Rocket Lab USA, Inc.

RKLB (Rocket Lab USA, Inc.) trades at 37.7x EV/Revenue — premium for a small launch & space systems company with solid margins (34%) and rapid growth (+45% YoY). The business is pre-profit.
Companies that consistently beat earnings estimates by 5%+ outperform the market by 3.2% annually on average.
Rocket Lab is a space technology company that provides launch services for small satellites and builds spacecraft for government and commercial customers. They operate the Electron rocket (the only reliable small launch vehicle in operation) and manufacture space systems including satellites, solar panels, and components for missions ranging from Earth orbit to Mars. Their customers include NASA, the Department of Defense, and commercial satellite operators who need affordable access to space.
Revenue is accelerating with 38% YoY growth in 2025 to $602M, driven by launch cadence increases and large Space Systems contracts. Management expects continued momentum with Q1 2026 revenue guidance of $185-200M (57% YoY growth at midpoint). The total addressable market is expanding rapidly as satellite constellations proliferate and government space budgets increase, positioning RKLB to capture outsized share as the only reliable small launch provider.

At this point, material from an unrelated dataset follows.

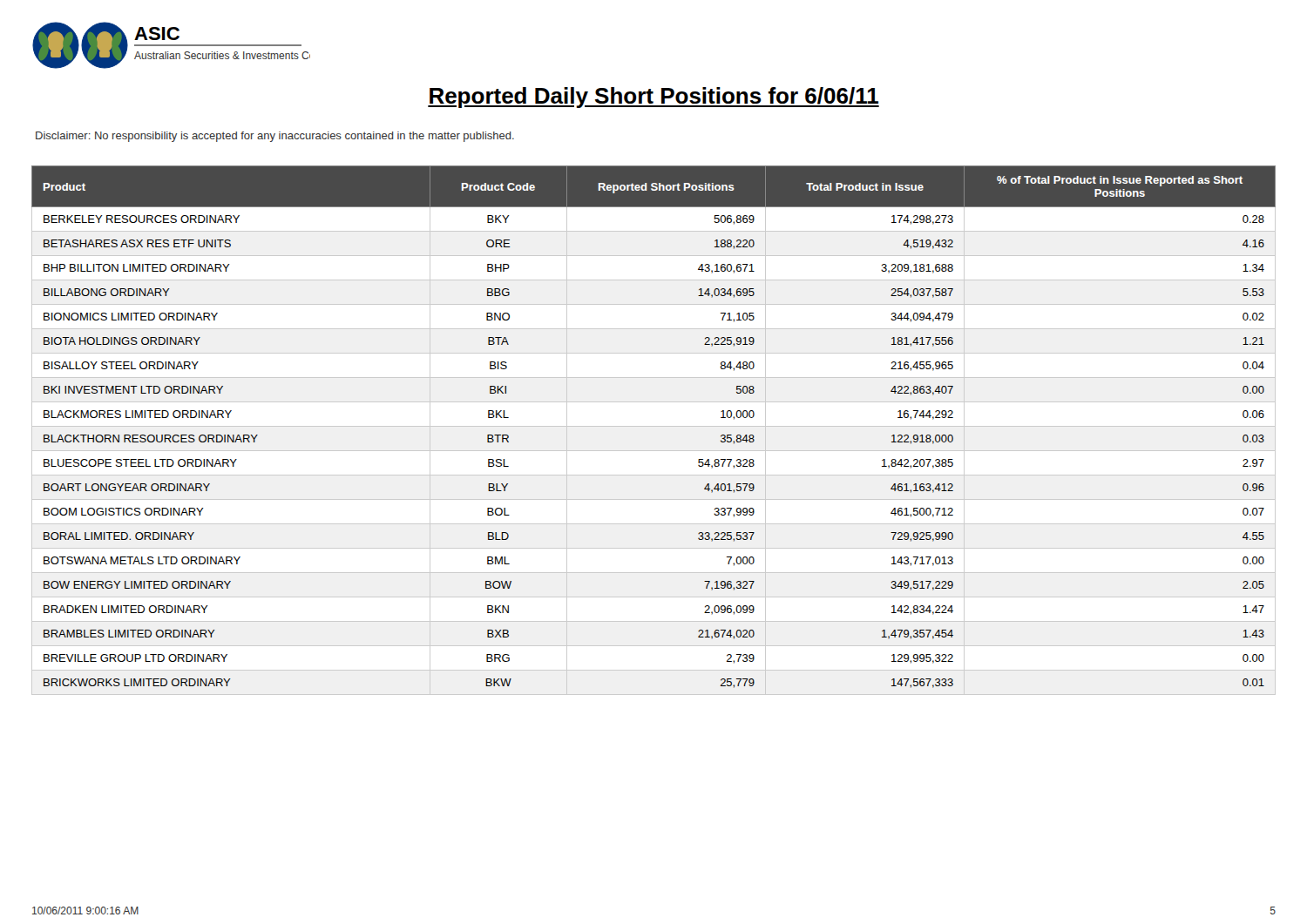
Task: Select the logo
Action: (x=171, y=47)

Gross margins are improving dramatically, rising 780 basis points YoY to 34.4% GAAP (39.7% non-GAAP) as the company achieves better manufacturing scale and contract mix. The company remains unprofitable but is approaching breakeven, with Adjusted EBITDA losses narrowing and a path to positive EPS by CY27 ($0.07 forecast). Operating leverage should accelerate as fixed costs spread across growing launch cadence and Space Systems revenue.
Rocket Lab enjoys a dominant position in small launch with no credible competitors currently operational, creating pricing power and customer stickiness. In Space Systems, they're successfully competing against legacy primes like Lockheed and Boeing by offering faster development cycles and lower costs. The vertical integration strategy (recent acquisitions of optical and machining companies) strengthens their competitive moat and margin profile.

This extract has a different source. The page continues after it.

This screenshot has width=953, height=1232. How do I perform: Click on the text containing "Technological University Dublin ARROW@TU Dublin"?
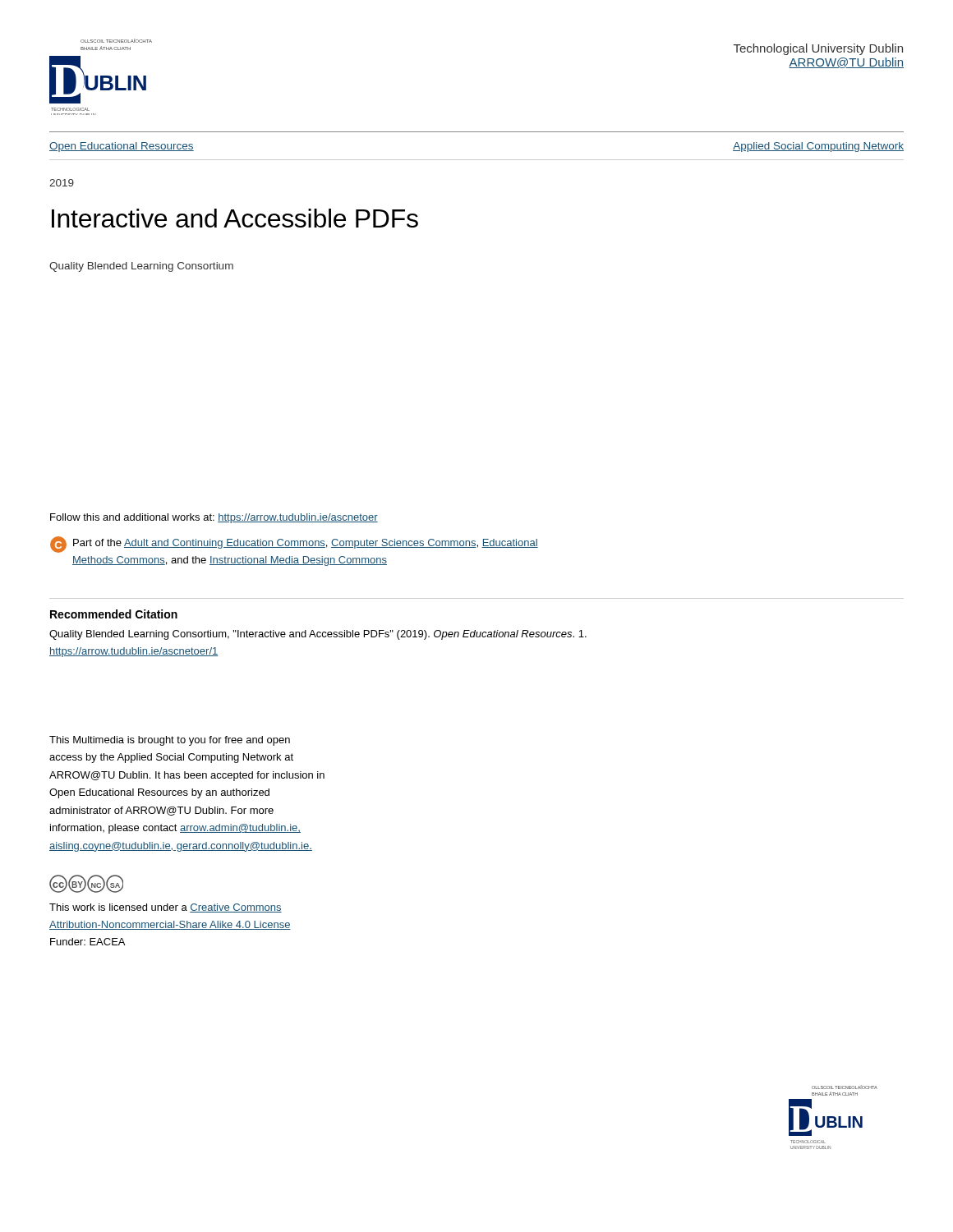818,55

Q4 results showed strong execution with revenue beating estimates and record quarterly performance across key metrics. The Neutron delay was the main disappointment but management emphasized prioritizing reliability over speed. The $816M SDA contract win and successful ESCAPADE Mars mission delivery demonstrate the company's evolution from pure-play launch provider to diversified space systems prime contractor.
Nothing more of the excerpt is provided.